Sunday, August 30, 2009

Three Planes of Managing.....(Henry Mintzberg)

I read Henry Mintzberg's Interview in WSJ. Very interesting interview and provided lot of insights on managers and management. Mintzberg calls the idea of a manager being a composer and an orchestra conductor - a glorifed myth.

I love the section from the interview where he talks about the three planes of managing. I don't think that managing can be defined any simpler than this.

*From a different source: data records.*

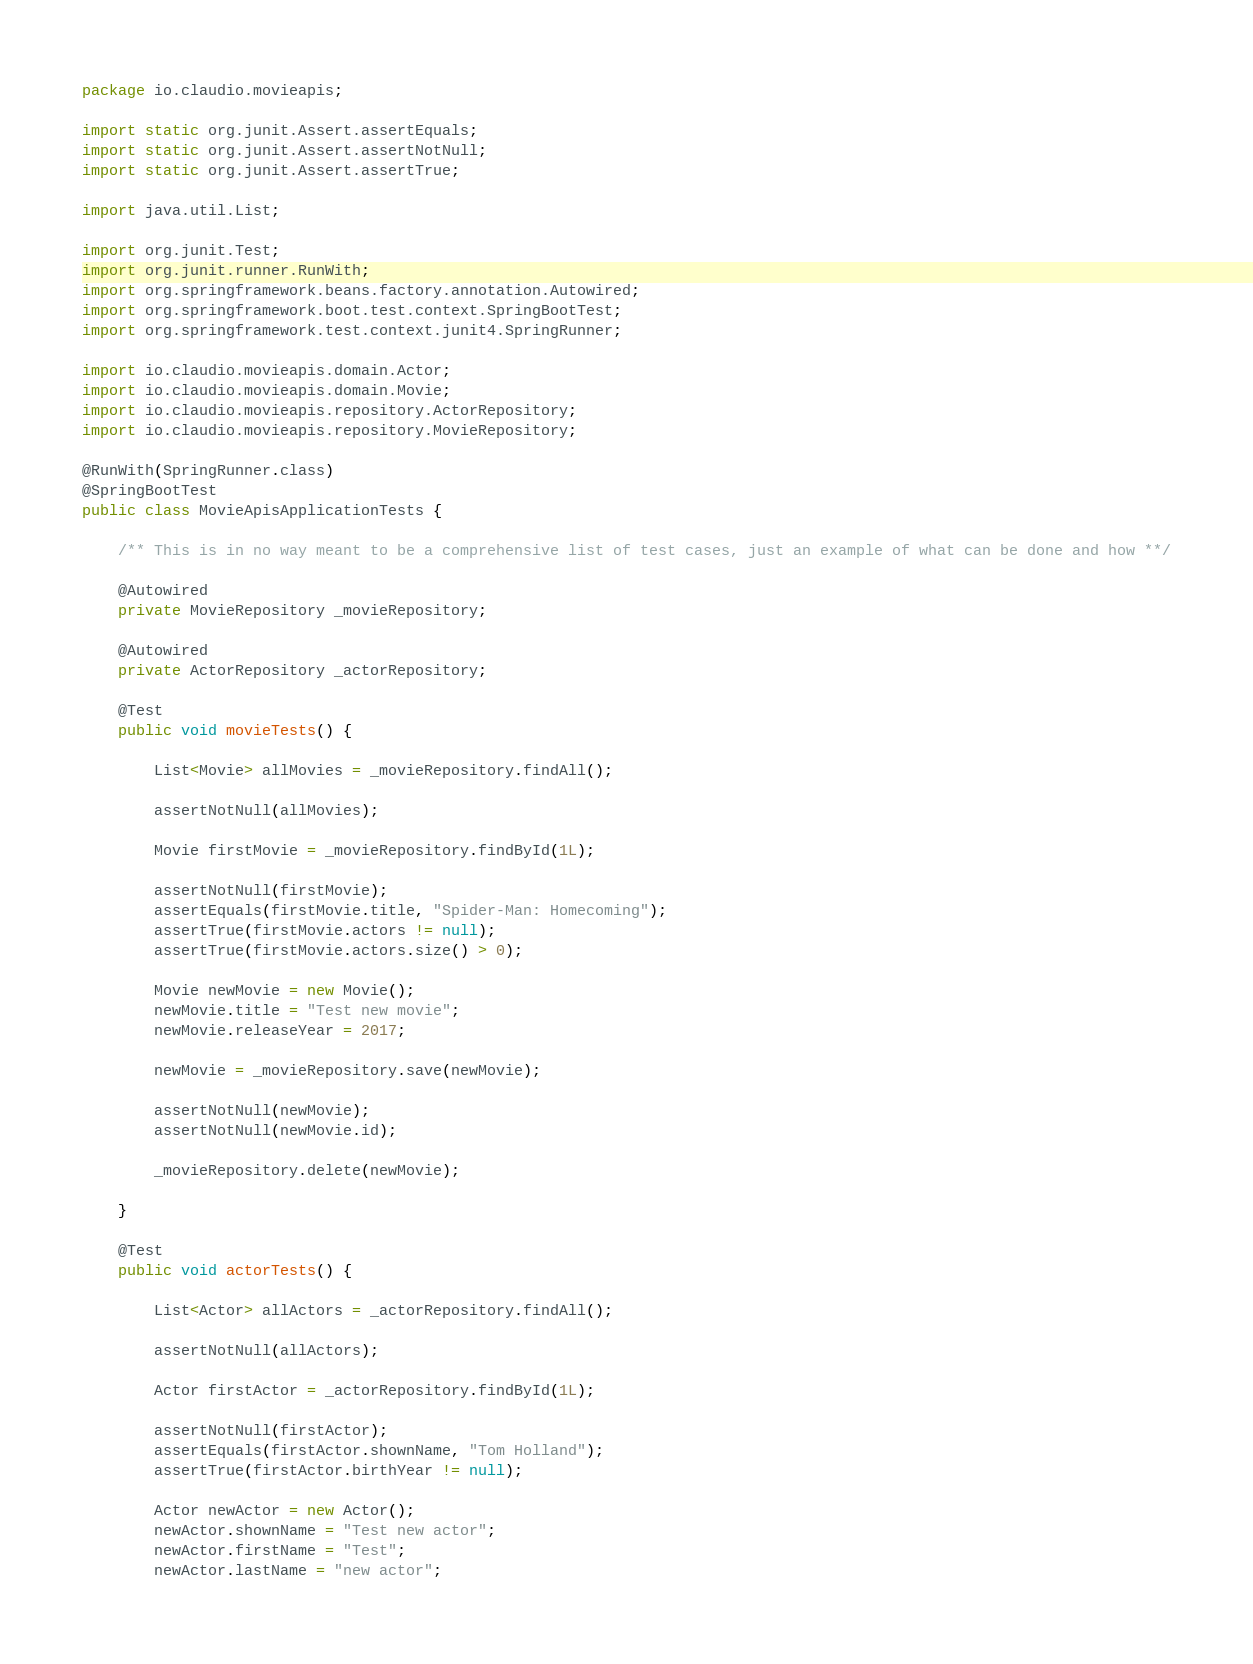Convert code to text. <code><loc_0><loc_0><loc_500><loc_500><_Java_>package io.claudio.movieapis;

import static org.junit.Assert.assertEquals;
import static org.junit.Assert.assertNotNull;
import static org.junit.Assert.assertTrue;

import java.util.List;

import org.junit.Test;
import org.junit.runner.RunWith;
import org.springframework.beans.factory.annotation.Autowired;
import org.springframework.boot.test.context.SpringBootTest;
import org.springframework.test.context.junit4.SpringRunner;

import io.claudio.movieapis.domain.Actor;
import io.claudio.movieapis.domain.Movie;
import io.claudio.movieapis.repository.ActorRepository;
import io.claudio.movieapis.repository.MovieRepository;

@RunWith(SpringRunner.class)
@SpringBootTest
public class MovieApisApplicationTests {

	/** This is in no way meant to be a comprehensive list of test cases, just an example of what can be done and how **/

	@Autowired
	private MovieRepository _movieRepository;

	@Autowired
	private ActorRepository _actorRepository;

	@Test
	public void movieTests() {

		List<Movie> allMovies = _movieRepository.findAll();

		assertNotNull(allMovies);

		Movie firstMovie = _movieRepository.findById(1L);

		assertNotNull(firstMovie);
		assertEquals(firstMovie.title, "Spider-Man: Homecoming");
		assertTrue(firstMovie.actors != null);
		assertTrue(firstMovie.actors.size() > 0);

		Movie newMovie = new Movie();
		newMovie.title = "Test new movie";
		newMovie.releaseYear = 2017;

		newMovie = _movieRepository.save(newMovie);

		assertNotNull(newMovie);
		assertNotNull(newMovie.id);

		_movieRepository.delete(newMovie);

	}

	@Test
	public void actorTests() {

		List<Actor> allActors = _actorRepository.findAll();

		assertNotNull(allActors);

		Actor firstActor = _actorRepository.findById(1L);

		assertNotNull(firstActor);
		assertEquals(firstActor.shownName, "Tom Holland");
		assertTrue(firstActor.birthYear != null);

		Actor newActor = new Actor();
		newActor.shownName = "Test new actor";
		newActor.firstName = "Test";
		newActor.lastName = "new actor";</code>

"Basically, managing is about influencing action. Managing is about helping organizations and units to get things done, which means action.
Managers manage actions directly. They fight fires. They manage projects. They negotiate contracts.One step removed, they manage people. Managers deal with people who take the action, so they motivate them and they build teams and they enhance the culture and train them and do things to get people to take more effective actions.And two steps removed from that, managers manage information to drive people to take action—through budgets and objectives and delegating tasks and designing organization structure and all those sorts of things."
From my personal experience, i fully agree with his assessment of what is wrong with most of the managers today - 'that they manage too much through information without getting into the first two planes of managing'. I have seen managers who think it is beneath them to get their hands dirty. So i was smiling when i read the paragraph below. I can't agree more :-)
"Today I think we have much too much managing through information—what I call "deeming." People sit in their offices and think they're very clever because they deem that you will increase sales by 10%, or out the door you go. Well, I can do that. My granddaughter could do that; she's four. It doesn't take genius to say: Increase sales or out you go. That's the worst of managing through information."
It is not that managing through information is wrong. Project Managers who mostly work in the first two planes need to learn to 'manage through information' if they want to rise in their career. Mintzberg suggests that people in the third plane give enough attention to 'Execution' and 'People' even if they have to manage mostly in the third plane.
"BUSINESS INSIGHT: What's the alternative?
DR. MINTZBERG: The alternative is to give more attention to the people plane and the action plane. Even when you're managing information, you can manage in a much more nuanced way than just shooting a bunch of figures around."
If a manager understands these three planes and decides the plane of action based on the situation, i am sure he/she will be a very good manager.
You can read the interview here. His latest book Managing is in my reading list.

Thursday, August 27, 2009

Project Scope Management - Few Learnings...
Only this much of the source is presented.